Report every line of the data that includes "carbonyl".

___ Provided records

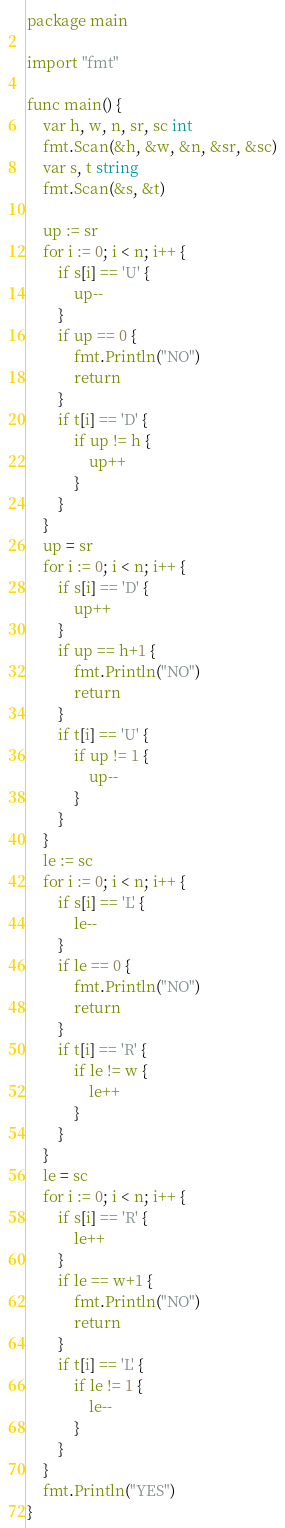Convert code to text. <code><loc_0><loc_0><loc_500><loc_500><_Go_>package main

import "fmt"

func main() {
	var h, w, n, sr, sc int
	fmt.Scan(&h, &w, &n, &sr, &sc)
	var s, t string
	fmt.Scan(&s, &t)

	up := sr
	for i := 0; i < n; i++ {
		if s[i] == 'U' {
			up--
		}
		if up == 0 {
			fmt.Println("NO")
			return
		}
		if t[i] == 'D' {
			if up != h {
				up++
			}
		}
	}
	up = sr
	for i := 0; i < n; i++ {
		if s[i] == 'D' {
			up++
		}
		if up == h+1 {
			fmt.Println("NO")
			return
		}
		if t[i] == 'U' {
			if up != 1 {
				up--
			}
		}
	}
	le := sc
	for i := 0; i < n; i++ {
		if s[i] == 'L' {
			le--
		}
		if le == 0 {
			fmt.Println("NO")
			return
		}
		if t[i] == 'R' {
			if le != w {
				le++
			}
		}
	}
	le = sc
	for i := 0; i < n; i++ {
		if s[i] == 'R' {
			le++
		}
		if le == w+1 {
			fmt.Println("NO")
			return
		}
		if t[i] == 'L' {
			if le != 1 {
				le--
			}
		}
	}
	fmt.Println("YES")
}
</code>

______
___ Provided records

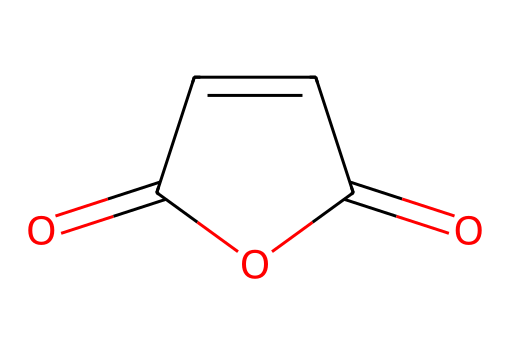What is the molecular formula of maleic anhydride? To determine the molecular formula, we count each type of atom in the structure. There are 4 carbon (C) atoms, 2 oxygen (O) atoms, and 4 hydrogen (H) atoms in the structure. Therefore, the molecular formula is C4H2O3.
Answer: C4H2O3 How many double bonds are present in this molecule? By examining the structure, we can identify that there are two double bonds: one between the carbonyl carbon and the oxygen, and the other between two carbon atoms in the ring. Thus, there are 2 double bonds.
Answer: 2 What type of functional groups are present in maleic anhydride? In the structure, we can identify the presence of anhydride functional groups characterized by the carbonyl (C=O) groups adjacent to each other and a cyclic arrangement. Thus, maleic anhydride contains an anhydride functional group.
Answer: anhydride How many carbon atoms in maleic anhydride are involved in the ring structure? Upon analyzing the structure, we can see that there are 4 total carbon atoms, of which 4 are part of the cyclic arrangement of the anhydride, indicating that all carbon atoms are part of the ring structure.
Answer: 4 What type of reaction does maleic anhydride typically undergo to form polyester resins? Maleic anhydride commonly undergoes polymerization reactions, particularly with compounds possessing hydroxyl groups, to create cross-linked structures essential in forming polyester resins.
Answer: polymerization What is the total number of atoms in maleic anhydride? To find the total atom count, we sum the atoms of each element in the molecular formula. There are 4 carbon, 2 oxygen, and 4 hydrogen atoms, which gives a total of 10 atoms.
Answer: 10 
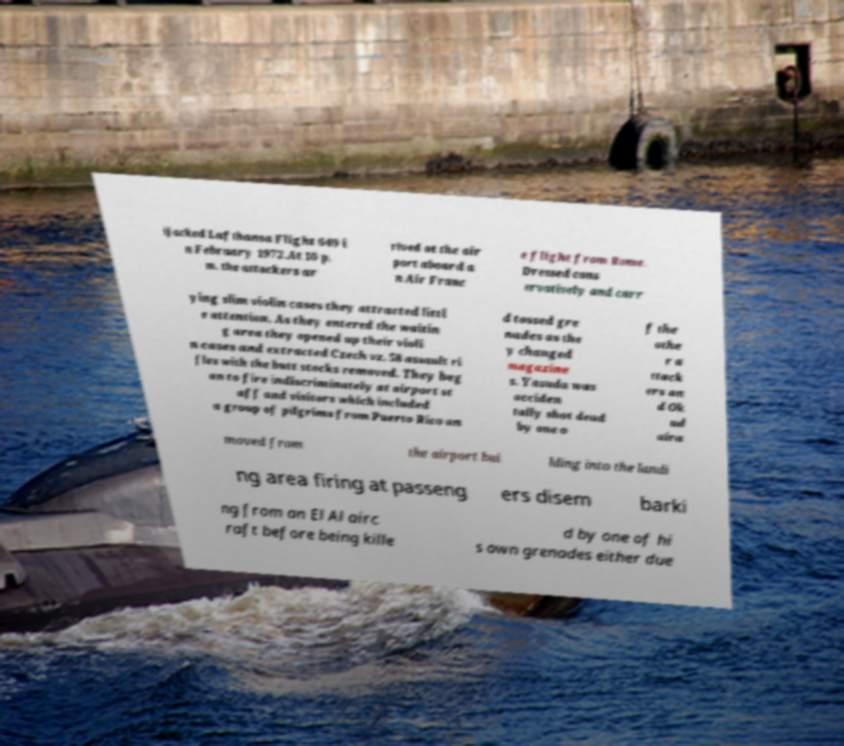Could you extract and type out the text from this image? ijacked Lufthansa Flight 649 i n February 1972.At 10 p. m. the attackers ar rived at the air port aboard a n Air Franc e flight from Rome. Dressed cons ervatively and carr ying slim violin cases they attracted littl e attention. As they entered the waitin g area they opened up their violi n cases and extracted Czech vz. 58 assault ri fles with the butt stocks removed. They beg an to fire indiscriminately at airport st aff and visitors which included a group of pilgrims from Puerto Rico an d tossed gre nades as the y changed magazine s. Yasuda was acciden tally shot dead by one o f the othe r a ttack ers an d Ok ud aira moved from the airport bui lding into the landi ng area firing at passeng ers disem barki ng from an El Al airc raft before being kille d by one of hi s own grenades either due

______

> _Response below_
Answer: C4H2O3 How many double bonds are present in this molecule? By examining the structure, we can identify that there are two double bonds: one between the carbonyl carbon and the oxygen, and the other between two carbon atoms in the ring. Thus, there are 2 double bonds.
Answer: 2 What type of functional groups are present in maleic anhydride? In the structure, we can identify the presence of anhydride functional groups characterized by the carbonyl (C=O) groups adjacent to each other and a cyclic arrangement. Thus, maleic anhydride contains an anhydride functional group.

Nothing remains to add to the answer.